PGRSS para laboratório clínico — bioquímica e microbiologia

Volume RSS de laboratório clínico ambulatorial: bioquímica, hematologia, microbiologia, POCT. Faixas reais e custos.

por Jorge Jason
Atualizado em 15 de maio, 2026
PGRSS para laboratório clínico — bioquímica e microbiologia

Por que laboratório clínico tem capítulo distinto

Laboratório clínico ambulatorial — bioquímica, hematologia, urinálise, parasitologia, microbiologia, imunologia, POCT (Point-Of-Care Testing) — opera sob a RDC 302/2005 (laboratórios clínicos), RDC 222/2018 (PGRSS), Resolução SBPC, RDC 11/2012 (microbiologia clínica), eventual ANVISA específica para análises de alta complexidade. Perfil de RSS é dominado por alto volume de fluido biológico (sangue, urina, secreção) + placa de cultura microbiológica (Grupo A1 risco aumentado) + reagente químico residual (Grupo B).

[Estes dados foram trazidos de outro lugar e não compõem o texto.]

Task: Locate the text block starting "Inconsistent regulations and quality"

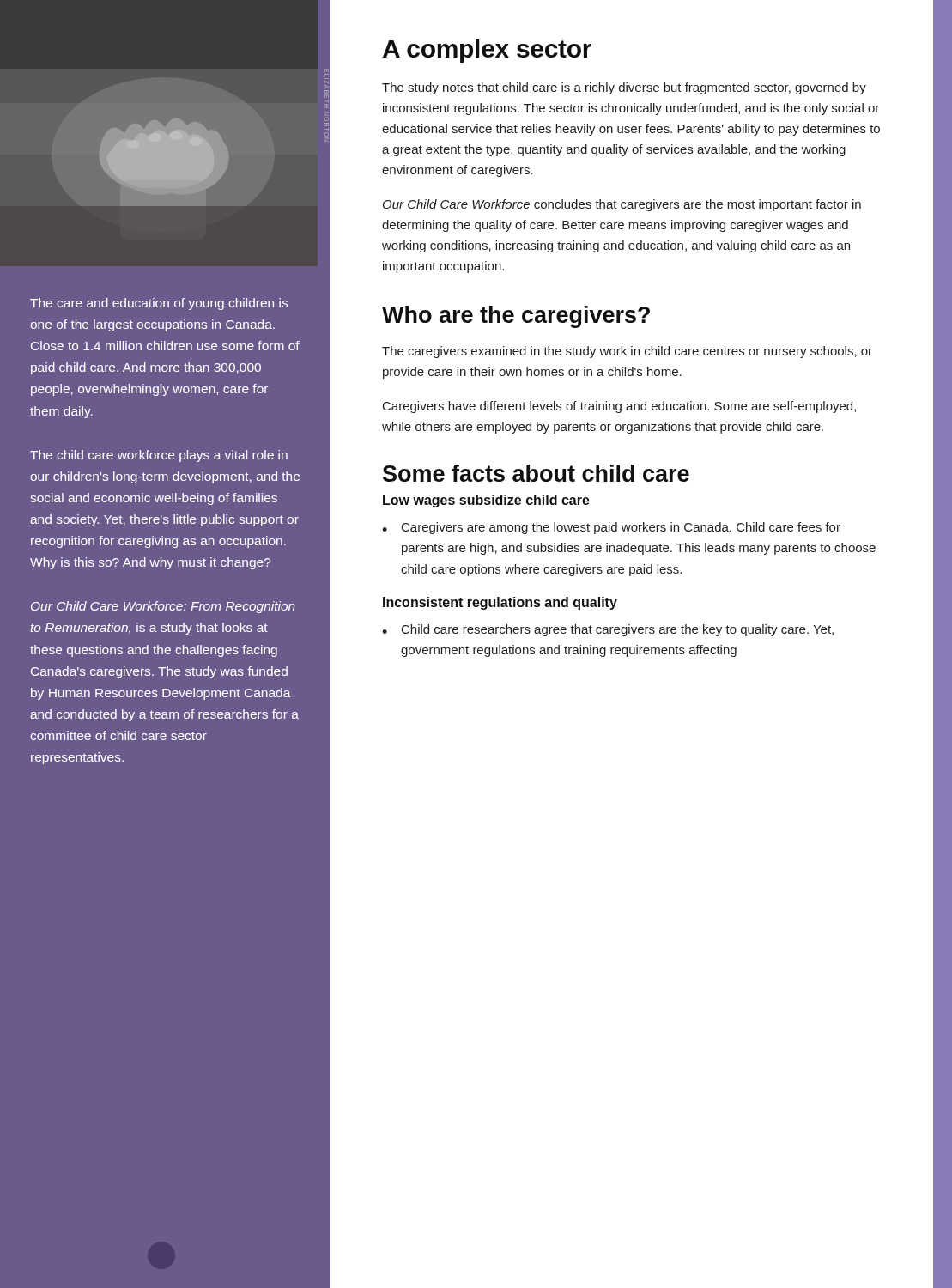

A diferença com clínica clínica padrão: ausência de procedimentos invasivos extensos, mas presença de manipulação de amostras infectantes em volume relevante e diariamente. Capítulo de laboratório no PGRSS é exigência ANVISA + VISA porque exposição ocupacional e risco infeccioso operacional são distintos.

O equívoco comum é tratar como “consultório de coleta” sem capítulo microbiologia. Em fiscalização ANVISA estadual (anual em laboratório de média/alta complexidade), isso gera auto técnico imediato.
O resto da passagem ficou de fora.